Selon l’Organisation mon diale de la santé, les maladies transmises par un vecteur (moustiques, tiques...) également appelées maladies à transmission vectorielle, provoquent chaque année 700 000 morts dans le monde. Le paludisme et la dengue notamment sont les maladies vectorielles qui ont le plus fort impact sur la santé humaine.
La dengue, dont l’agent pathogène responsable est un virus qui circule en zones tropicales, infecte chaque année plus de 400 millions de personnes.
Le projet Explore « Les moustiques, réservoirs environnementaux de bactéries résistantes aux antimicrobiens » va permettre d’étudier la manière dont les moustiques, en particulier Aedes aegypti, ingèrent et conservent des bactéries multi-résistantes présentes dans les eaux contaminées où se développent leurs larves. L’objectif est de comprendre si ces bactéries s’installent dans leur microbiote et modifient leur capacité à transmettre des virus comme la dengue ou le chikungunya.
Anna-Bella Failloux
responsable de l'unité Arbovirus
et insectes vecteurs

Mesurer l’impact des activités anthropiques
L’objectif est de mesurer l’impact des activités anthropiques impliquant l’utilisation d’antibiotiques sur le microbiote du moustique Aedes aegypti et sur la transmission des arbovirus.
Plus précisément, il s’agira de mesurer l’intensité du transfert de trois bactéries résistantes aux antibiotiques (Escherichia coli, Klebsiella pneumoniae, Serratia marcescens) de l’environnement aquatique vers les larves de moustiques.

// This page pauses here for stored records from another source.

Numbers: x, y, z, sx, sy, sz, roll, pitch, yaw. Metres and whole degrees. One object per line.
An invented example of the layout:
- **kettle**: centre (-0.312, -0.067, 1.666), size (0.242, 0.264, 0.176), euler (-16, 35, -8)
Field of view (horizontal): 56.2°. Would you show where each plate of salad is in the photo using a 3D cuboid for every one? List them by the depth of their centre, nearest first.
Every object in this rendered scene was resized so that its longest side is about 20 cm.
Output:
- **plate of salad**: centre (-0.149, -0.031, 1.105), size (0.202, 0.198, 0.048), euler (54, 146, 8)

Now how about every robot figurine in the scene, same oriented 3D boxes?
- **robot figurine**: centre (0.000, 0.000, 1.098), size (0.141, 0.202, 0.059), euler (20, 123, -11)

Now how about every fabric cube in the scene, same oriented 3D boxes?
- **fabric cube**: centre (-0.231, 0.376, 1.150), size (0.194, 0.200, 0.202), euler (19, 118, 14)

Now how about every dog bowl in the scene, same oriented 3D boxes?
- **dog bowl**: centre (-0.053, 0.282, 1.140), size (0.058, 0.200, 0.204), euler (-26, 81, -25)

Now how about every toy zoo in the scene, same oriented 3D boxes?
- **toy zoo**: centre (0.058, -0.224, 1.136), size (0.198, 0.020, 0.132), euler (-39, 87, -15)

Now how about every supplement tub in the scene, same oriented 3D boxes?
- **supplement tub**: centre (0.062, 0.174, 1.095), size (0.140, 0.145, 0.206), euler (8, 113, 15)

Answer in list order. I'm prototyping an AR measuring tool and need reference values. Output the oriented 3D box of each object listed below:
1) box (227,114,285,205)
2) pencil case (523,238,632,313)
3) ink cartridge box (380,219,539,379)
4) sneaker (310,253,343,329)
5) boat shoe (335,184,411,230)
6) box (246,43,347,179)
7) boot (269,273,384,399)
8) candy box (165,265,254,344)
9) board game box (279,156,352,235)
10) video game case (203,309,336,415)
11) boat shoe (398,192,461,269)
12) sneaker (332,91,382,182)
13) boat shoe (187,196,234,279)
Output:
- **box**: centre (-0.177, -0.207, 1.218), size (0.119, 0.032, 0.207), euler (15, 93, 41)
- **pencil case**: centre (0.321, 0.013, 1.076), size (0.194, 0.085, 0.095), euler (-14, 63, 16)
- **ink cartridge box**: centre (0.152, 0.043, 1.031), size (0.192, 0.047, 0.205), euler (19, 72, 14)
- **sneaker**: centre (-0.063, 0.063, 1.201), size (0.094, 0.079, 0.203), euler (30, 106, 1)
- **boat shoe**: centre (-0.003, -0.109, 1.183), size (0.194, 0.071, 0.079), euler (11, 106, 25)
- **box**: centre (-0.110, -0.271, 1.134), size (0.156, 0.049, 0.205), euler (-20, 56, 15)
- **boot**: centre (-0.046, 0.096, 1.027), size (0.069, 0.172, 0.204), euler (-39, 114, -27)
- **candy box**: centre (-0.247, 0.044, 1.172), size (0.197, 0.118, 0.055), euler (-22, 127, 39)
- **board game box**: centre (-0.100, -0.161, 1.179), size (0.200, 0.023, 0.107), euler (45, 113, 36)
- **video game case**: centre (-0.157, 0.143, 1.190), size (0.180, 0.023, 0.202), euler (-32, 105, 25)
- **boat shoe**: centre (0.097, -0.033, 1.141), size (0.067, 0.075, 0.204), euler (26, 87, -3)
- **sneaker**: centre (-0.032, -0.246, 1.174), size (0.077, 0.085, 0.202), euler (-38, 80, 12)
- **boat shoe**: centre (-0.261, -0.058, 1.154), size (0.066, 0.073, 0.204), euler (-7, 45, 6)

Identifier les bactéries et évaluer leur persistance
Le projet prévoit également d’identifier les bactéries du microbiote intestinal du moustique sélectionnées par une exposition prolongée à une dose sublétale d’antibiotiques et d’évaluer leur persistance à différents stades immatures et au stade adulte.
Les bactéries seront détectées dans deux organes clés du moustique pour la transmission des arbovirus : l’intestin moyen et les glandes salivaires.

Tester la compétence vectorielle des moustiques adultes
Les chercheurs testeront enfin la compétence vectorielle des adultes exposés aux bactéries résistantes aux antibiotiques pour les virus de la dengue et du chikungunya.
Le projet regroupe quatre équipes de l’Institut Pasteur spécialisées en entomologie, virologie, microbiologie, génétique et biologie computationnelle.
En adoptant une approche One Health reliant santé humaine, santé animale et environnement, les chercheurs vont examiner le site de reproduction des larves de moustiques, le microbiote des moustiques et la transmission des virus par ces insectes.